2. An employer completes IRS Form 8850 by the date a job offer is made to an
applicant believed to belong to the WOTC population. The IRS form must be
mailed to the state’s WOTC coordinator within 28 days after the new hire starts
working.15 The employer can fill-in individual characteristics information (ETA
Form 9061) either during or after the selection process for submission to the ES.

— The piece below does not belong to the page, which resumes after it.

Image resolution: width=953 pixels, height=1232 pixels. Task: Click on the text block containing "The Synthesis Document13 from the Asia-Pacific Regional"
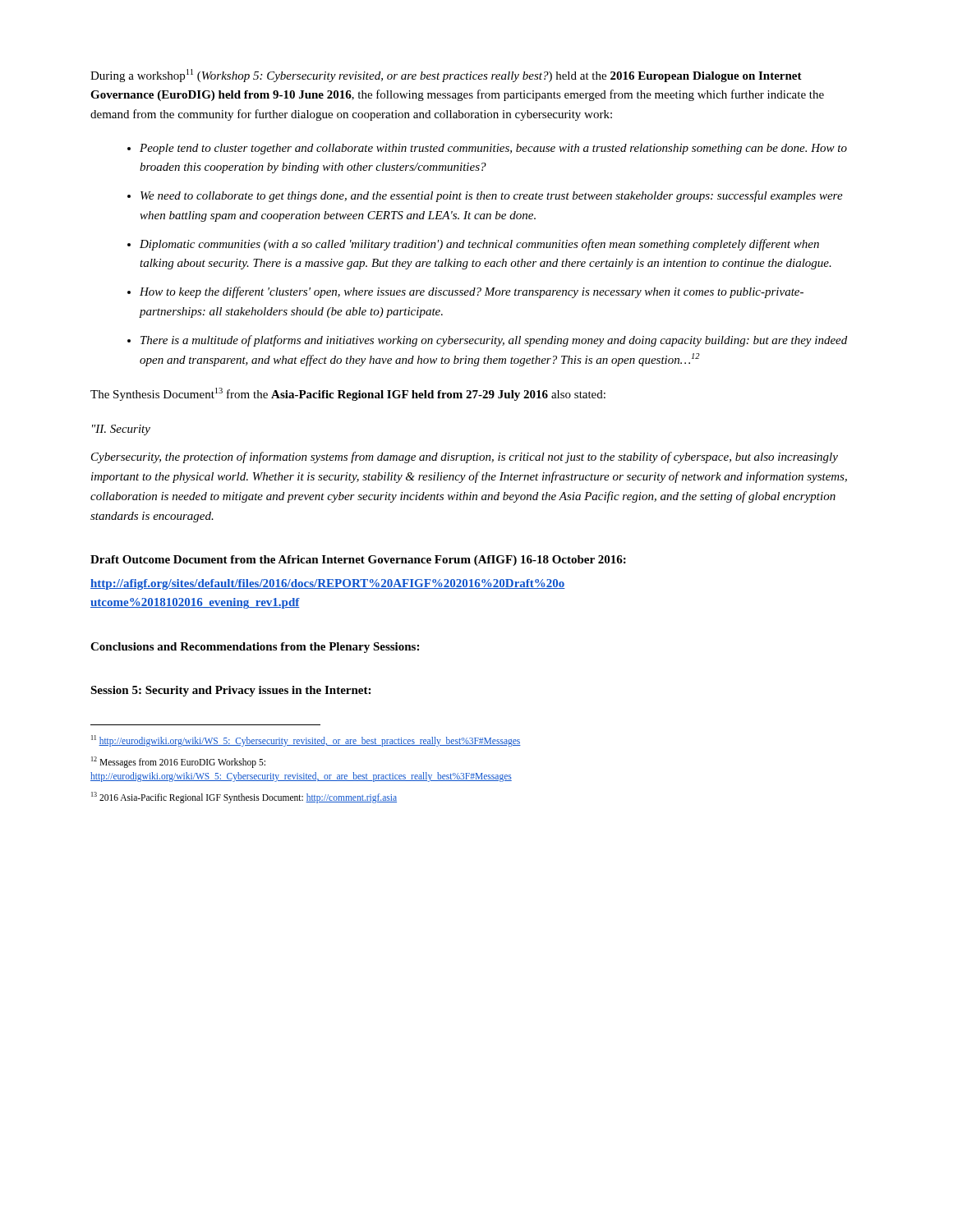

“Employer representatives” are permitted to help firms screen job applicants for credit eligibility
and complete required paperwork. These management assistance or services companies arose
after enactment of the TJTC to inform the business community of the program and perform
credit-related administration for firms. As was the case with the TJTC,16 these consultants play a
considerable role not only in securing WOTC certifications for large firms that hire many eligible
persons, but also in lobbying for reauthorization and modification of the credit.17
Program Activity and Costs
The U.S. Employment Service in the Employment and Training Administration (ETA) collects
figures on the number of certifications issued to employers. The number of certifications could
well be more than the number of employees for whom employers claim credits because not all
eligible hires fulfill the retention requirement
. The government does not collect statistics on the
number of individuals for whom the credits actually are claimed. It would be difficult to reconcile
the number of certifications and the number of credits claimed in a given year because companies
that receive a certification for an eligible individual hired late in one year may not claim a credit
for them until the following year, when the retention requirement has been met. In addition,
credits claimed for persons certified in one year may be applied against income tax liabilities in
past or future years.
As shown in Table 1, in FY2012, there were 892,314 WOTC certifications of employees, with
SNAP recipients being the largest group (602,540, or 67.5% of the total).

14 Limited evidence suggests that advertising oneself as a member of a subsidized group could actually reduce one’s
chance of getting a job. Gary Burtless, “Are Targeted Wage Subsidies Harmful? Evidence from a Wage Voucher
Experiment,” Industrial and Labor Relations Review, vol. 39, no. 1, October 1985.
15 Before January 1, 2007, employers had 21 days to mail IRS Form 8850 to their state’s WOTC coordinator.
16 Christopher Howard, The Hidden Welfare State: Tax Expenditures and Social Policy in the United States (Princeton,
NJ: Princeton University Press, 1997), pp. 164-165, 171-172.
17 Ben Wildavsky, “Taxation: Taking Credit,” National Journal, March 29, 1997. (Hereafter cited as Wildavsky,
Taxation: Taking Credit.)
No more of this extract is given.